Hi, I’m relatively new to CUDA, but I’ve coded in OpenCL before and I’m trying to learn CUDA.
(GPU Programming looks to be trending towards CUDA and I really only need to know OpenCL for FPGAs now.)

Anyways I have a relatively simple example that is based off of Mark Harris’ example from his “An Even Easier Introduction to CUDA.”

You should be able to copy and run the program.
Anyways, my main question is why I’m only seeing 1GBps on DtoH on average and 191MBps on HtoD?
I’ve achieved 11GBps on my OpenCL stuff and even the bandwidthTest sample states that I should be getting ~11GBps.
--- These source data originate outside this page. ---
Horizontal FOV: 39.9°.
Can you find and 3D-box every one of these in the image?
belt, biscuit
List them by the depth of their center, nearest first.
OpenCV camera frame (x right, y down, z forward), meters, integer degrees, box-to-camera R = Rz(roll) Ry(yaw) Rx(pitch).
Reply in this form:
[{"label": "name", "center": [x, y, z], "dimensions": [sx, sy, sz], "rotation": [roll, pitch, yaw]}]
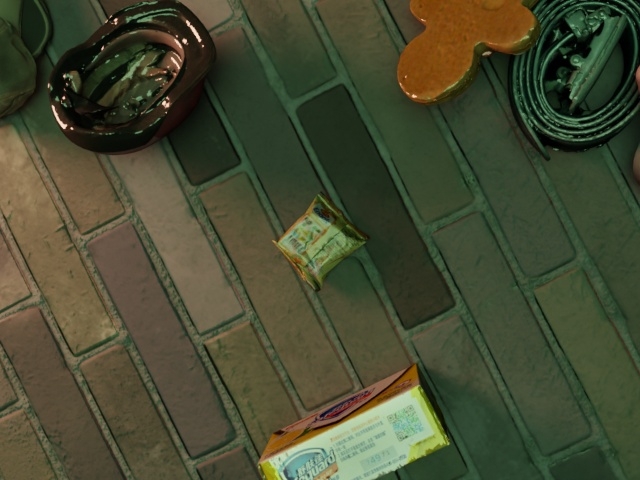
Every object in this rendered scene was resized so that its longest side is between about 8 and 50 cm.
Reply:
[{"label": "biscuit", "center": [0.233, -0.332, 1.271], "dimensions": [0.216, 0.047, 0.340], "rotation": [25, 80, 38]}, {"label": "belt", "center": [0.376, -0.242, 1.280], "dimensions": [0.206, 0.116, 0.267], "rotation": [18, 89, 8]}]

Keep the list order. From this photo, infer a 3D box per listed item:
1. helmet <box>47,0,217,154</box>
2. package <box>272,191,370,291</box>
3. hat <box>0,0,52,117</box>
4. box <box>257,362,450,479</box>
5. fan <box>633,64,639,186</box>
[{"label": "helmet", "center": [-0.278, -0.226, 1.330], "dimensions": [0.253, 0.154, 0.198], "rotation": [-29, 69, -12]}, {"label": "package", "center": [-0.002, 0.002, 1.368], "dimensions": [0.108, 0.031, 0.121], "rotation": [45, 90, 2]}, {"label": "hat", "center": [-0.545, -0.319, 1.350], "dimensions": [0.232, 0.161, 0.275], "rotation": [3, 89, 1]}, {"label": "box", "center": [0.051, 0.294, 1.305], "dimensions": [0.265, 0.168, 0.097], "rotation": [-27, 91, 7]}, {"label": "fan", "center": [0.494, -0.159, 1.236], "dimensions": [0.130, 0.074, 0.244], "rotation": [-35, 127, -5]}]

Or is it that I’m just looking at the profiler incorrectly?

Any help would be greatly appreciated!

Another question would be does, cudaMallocManaged create pinned memory? I would assume that it does but it always helps to make sure.

Thanks,

BHa

#include "cuda_runtime.h"
#include "device_launch_parameters.h"

#include <stdio.h>

#include <iostream>
#include <math.h>

//for perf. counters
#include <Windows.h>

using namespace std;

// Kernel function to add the elements of two arrays
__global__ void add(float *a, float *b, float *c)
{
   const int x = threadIdx.x;
   const int y = blockIdx.x;
   const int width = blockDim.x;

   const int id = y * width + x;
   
   c[id] = a[id] + b[id];
}

int main(void)
{
   int N = 4194304;
   size_t size = N * sizeof(float);
   int blockSize = 128;
   int numBlocks = (N + blockSize - 1) / blockSize;

   LARGE_INTEGER perfFrequency;
   LARGE_INTEGER performanceCountNDRangeStart;
   LARGE_INTEGER performanceCountNDRangeStop;

   float *x = NULL;
   float *y = NULL;
   float *z = NULL;

   // Allocate Unified Memory – accessible from CPU or GPU
   cudaMallocManaged(&x, size);
   cudaMallocManaged(&y, size);
   cudaMallocManaged(&z, size);

   // initialize x and y arrays on the host
   for (int i = 0; i < N; ++i) 
   {
      x[i] = 1.0f;
      y[i] = 2.0f;
   }
   cout << "\nSingle Queue\n";
   QueryPerformanceCounter(&performanceCountNDRangeStart);
   // Run kernel on 1M elements on the GPU
   add <<<numBlocks, blockSize>>>(x, y, z);

   // Wait for GPU to finish before accessing on host
   cudaDeviceSynchronize();
   QueryPerformanceCounter(&performanceCountNDRangeStop);
   QueryPerformanceFrequency(&perfFrequency);
   printf("NDRange performance counter time %f ms.\n", 1000.0f*(float)(performanceCountNDRangeStop.QuadPart - performanceCountNDRangeStart.QuadPart) / (float)perfFrequency.QuadPart);

// Check for errors (all values should be 3.0f)
   for (unsigned int a = 0; a < N; ++a)
   {
      if (z[a] != x[a] + y[a])
         printf("Kernel 0 Failure @ %d: %0.2f != %0.2f + %0.2f\n", a, z[a], x[a], y[a]);
   }

   // Free memory
   cudaFree(x);
   cudaFree(y);
   cudaFree(z);

   return 0;
}

what GPU are you running on?

cudaMallocManaged creates “managed” memory, which is definitely not the same as pinned memory.

I’m running on a K5100M.

So should I use cudaMalloc with cudaMemcpy instead then to get pinned memory speed?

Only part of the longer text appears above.